**PROBLEM TO WORK ON:** Would you output the lines from the one containing "Task: Where is" through the final line of the entries, exactly and with pictures omitted?

**MATERIAL FOR THIS TASK:**
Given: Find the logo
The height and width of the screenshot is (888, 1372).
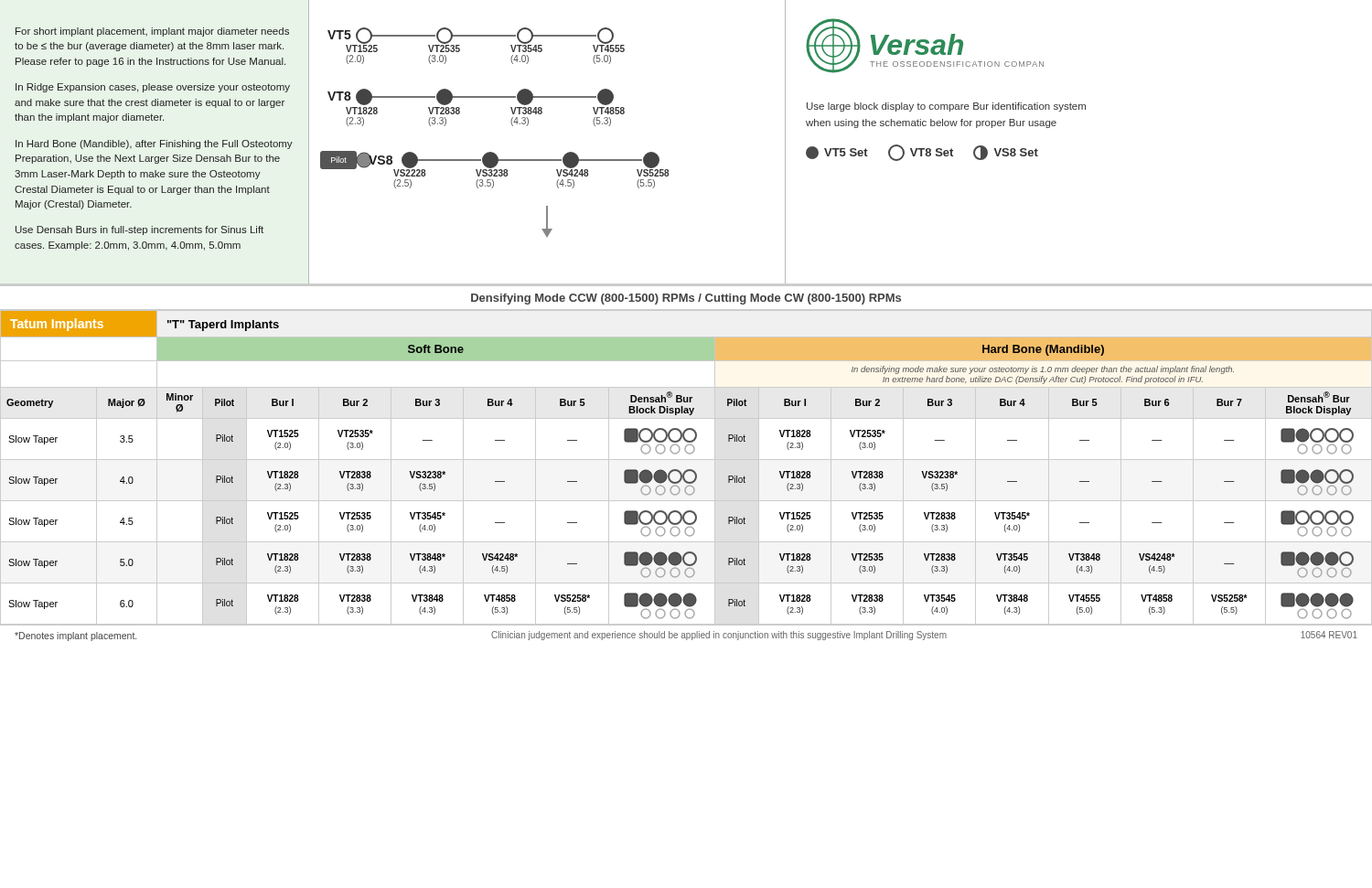Looking at the screenshot, I should click(1079, 50).
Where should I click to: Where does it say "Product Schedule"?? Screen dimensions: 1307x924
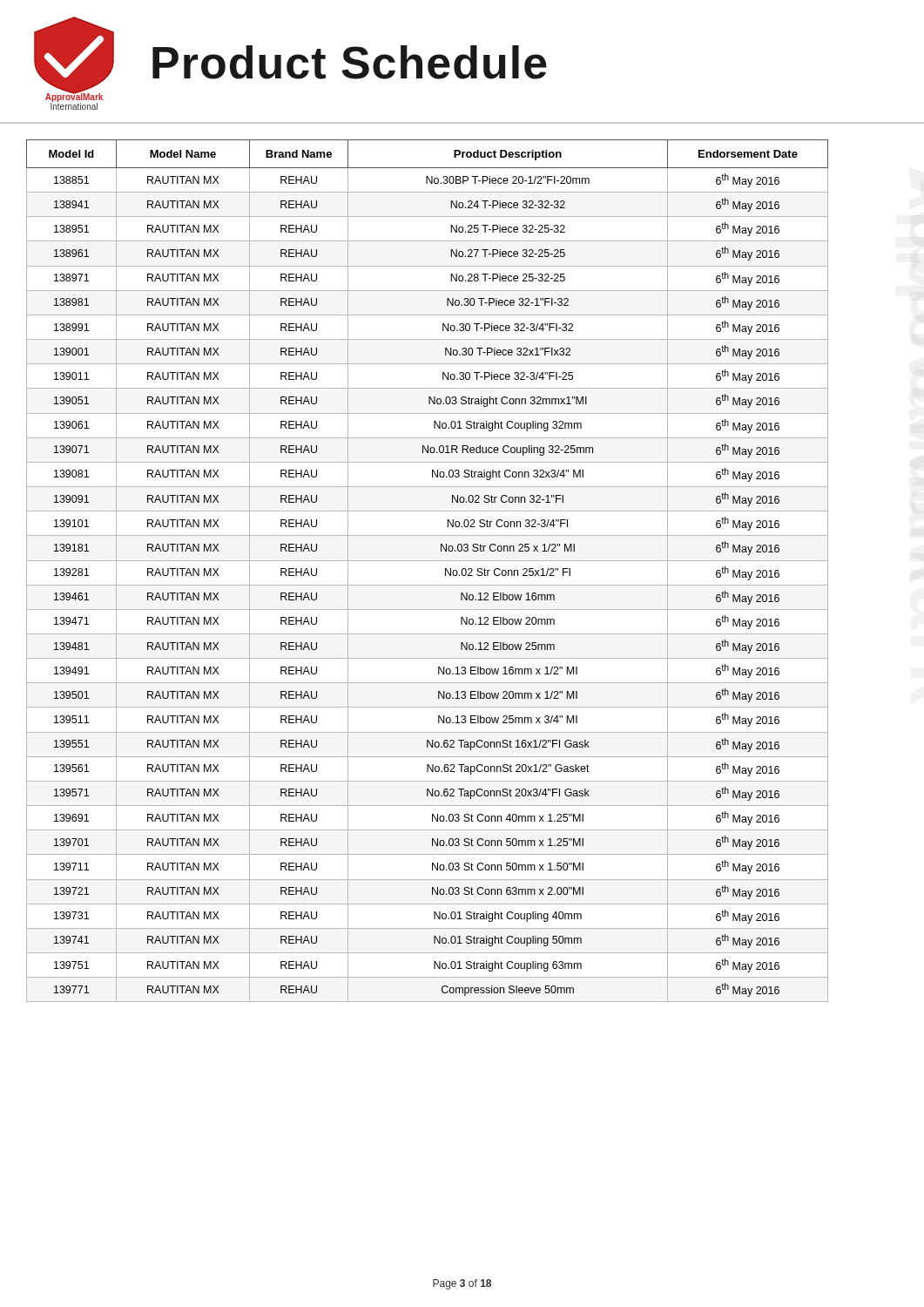pos(349,62)
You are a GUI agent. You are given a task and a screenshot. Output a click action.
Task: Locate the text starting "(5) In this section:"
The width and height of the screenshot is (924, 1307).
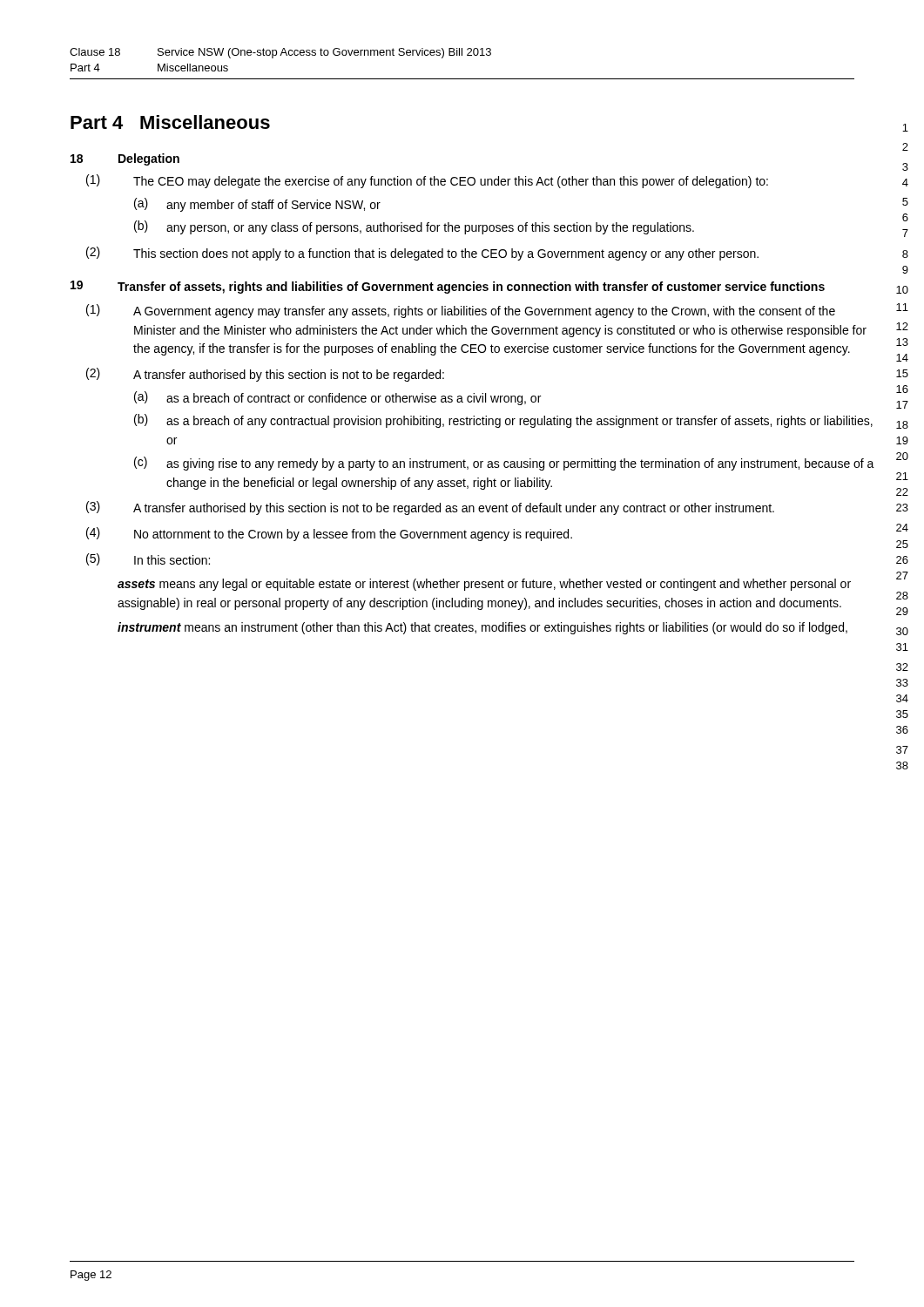(x=148, y=559)
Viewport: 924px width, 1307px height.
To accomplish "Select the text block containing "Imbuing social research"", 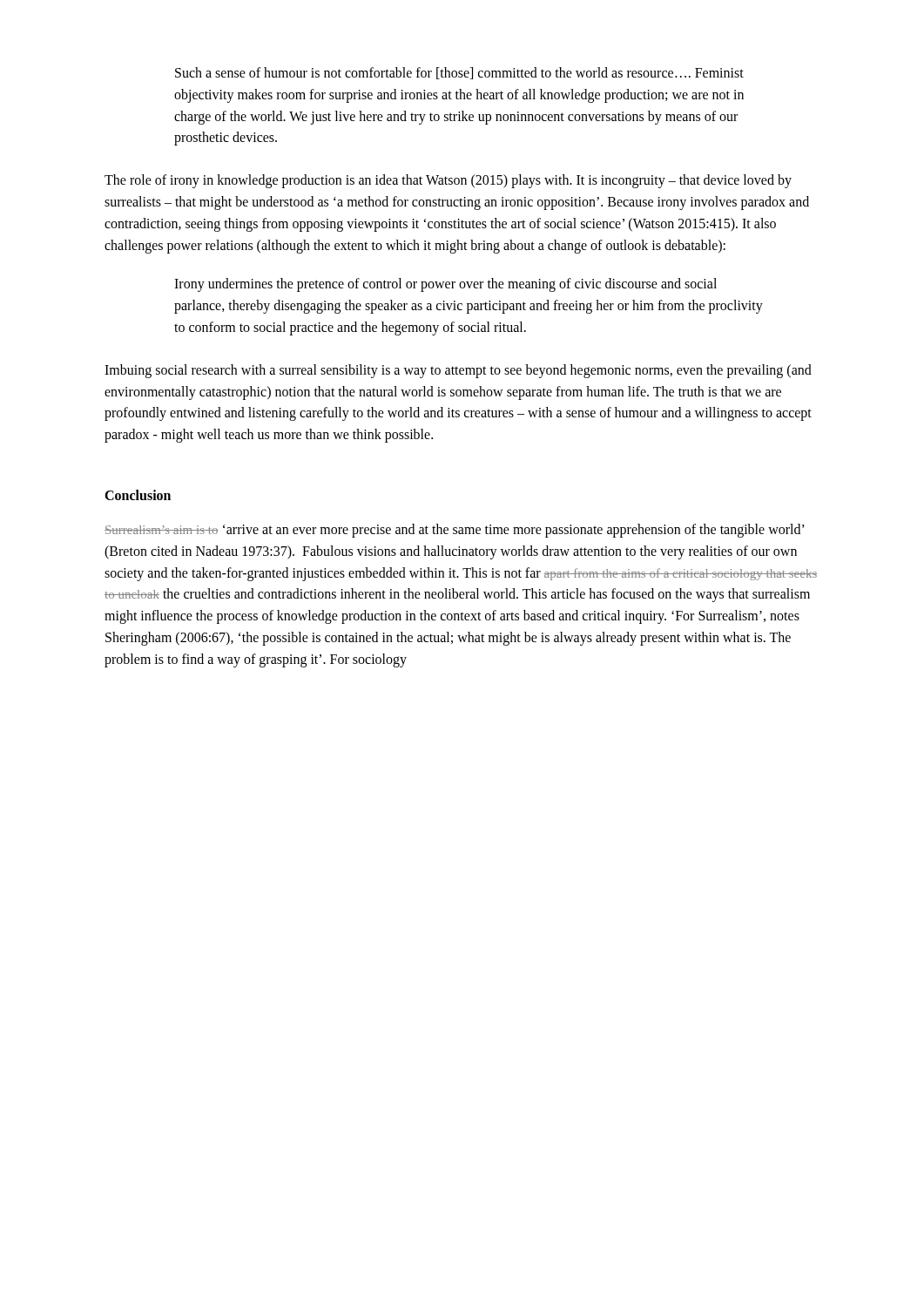I will click(462, 403).
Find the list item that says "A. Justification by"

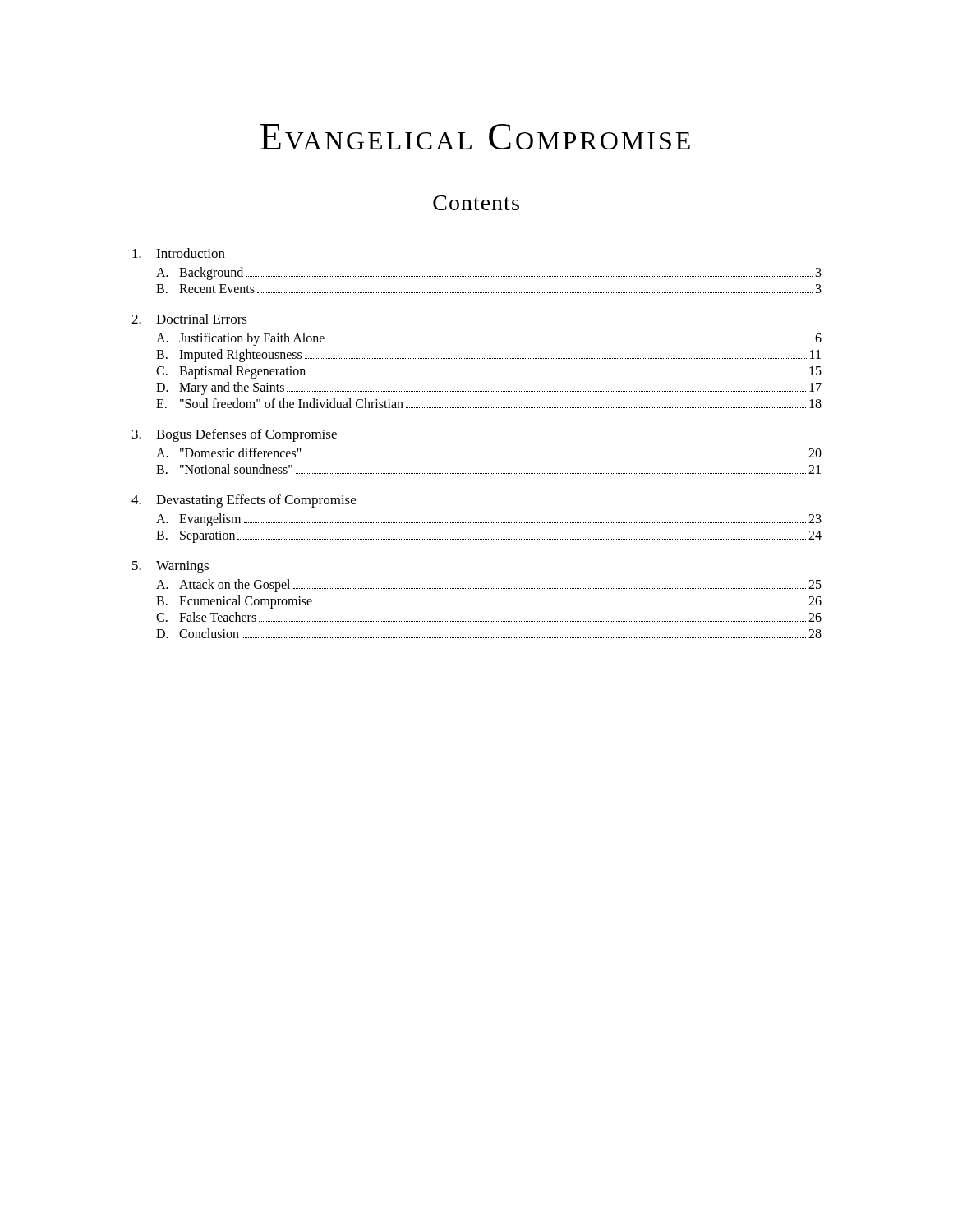[489, 338]
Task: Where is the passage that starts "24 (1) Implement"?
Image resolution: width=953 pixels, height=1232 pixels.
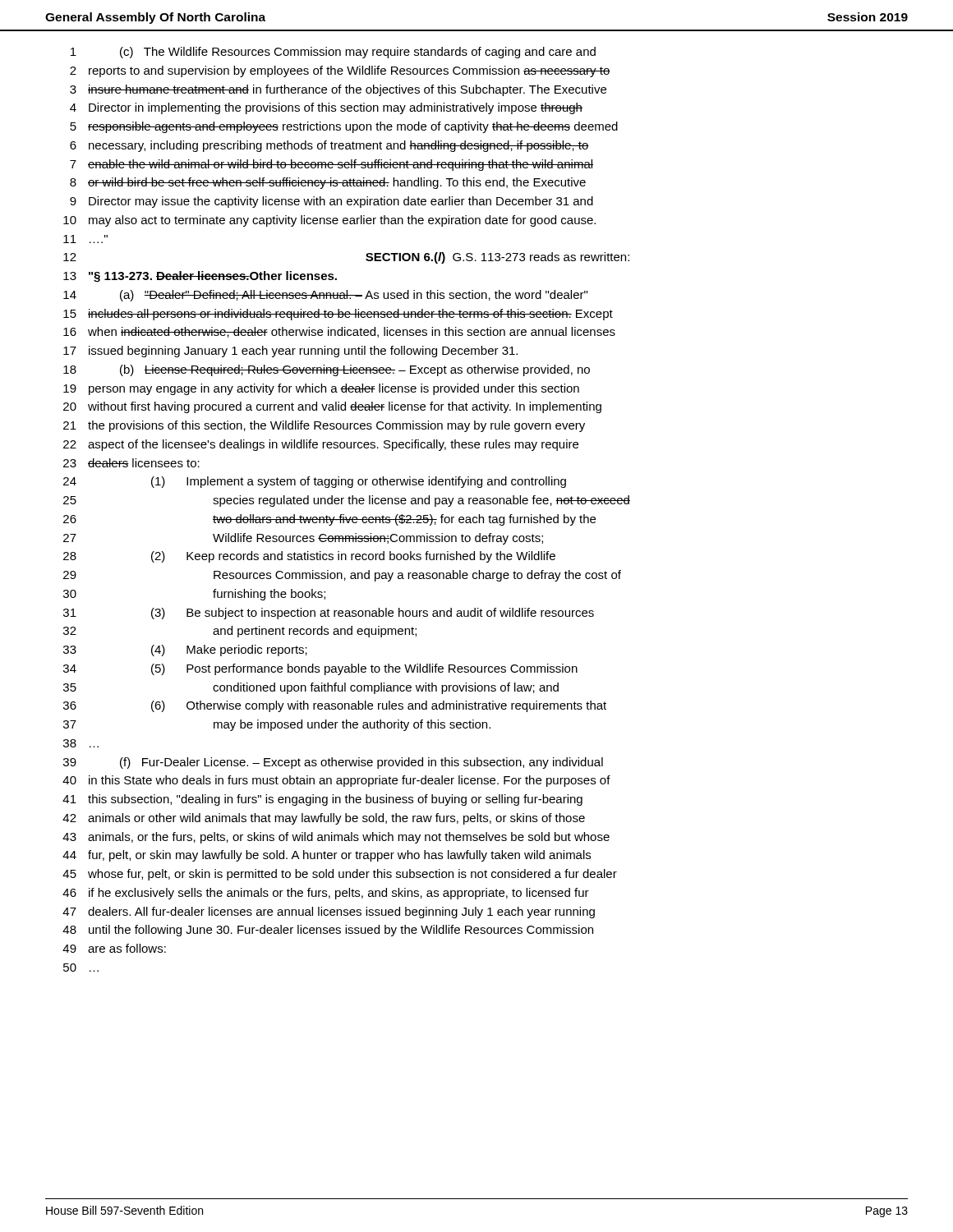Action: click(x=476, y=481)
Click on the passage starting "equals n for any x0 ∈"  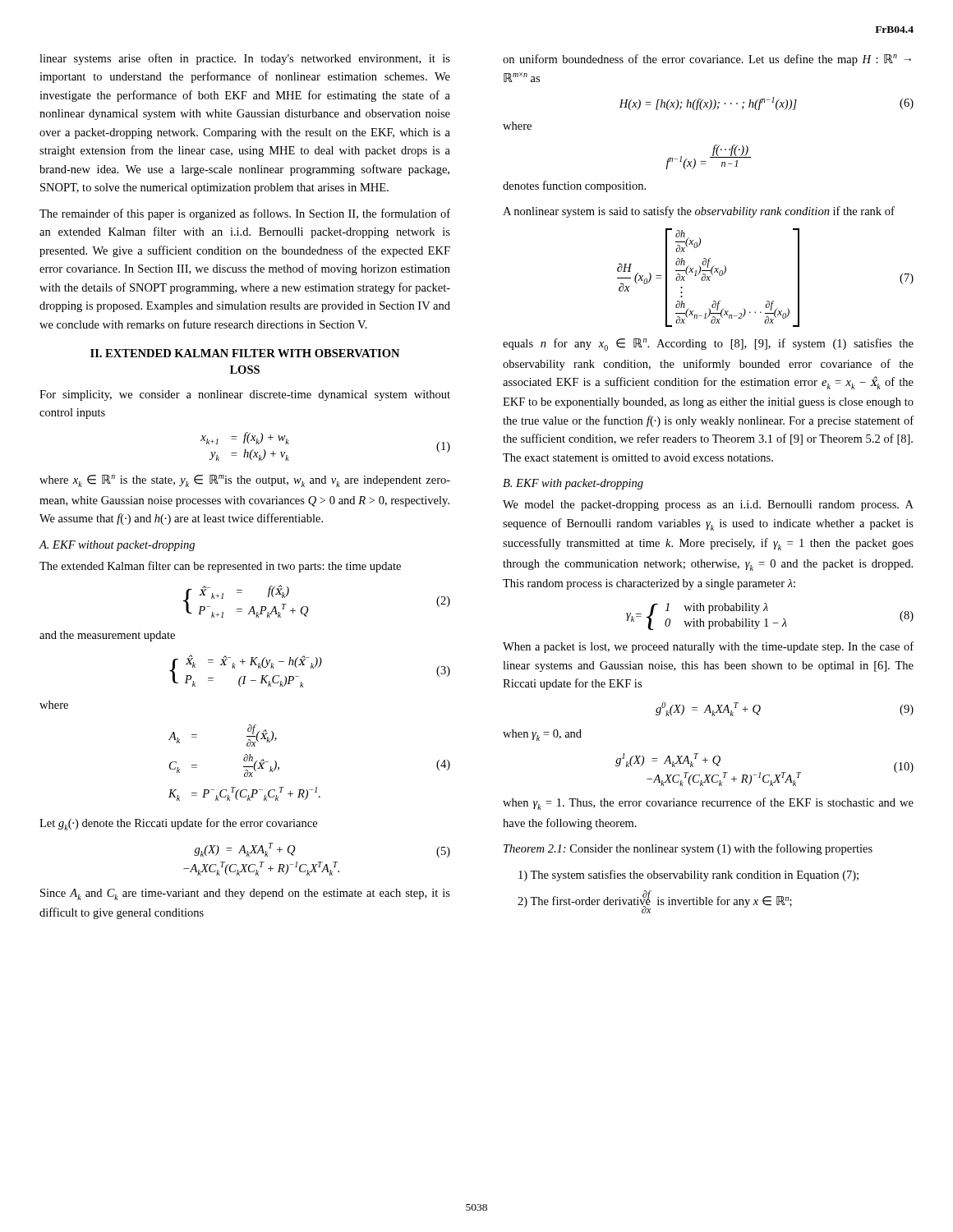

**WRITTEN SOLUTION:**
Task: Where is the passage that starts "24 (1) Implement"?
Image resolution: width=953 pixels, height=1232 pixels.
Action: click(x=476, y=481)
Click on the passage starting "equals n for any x0 ∈"  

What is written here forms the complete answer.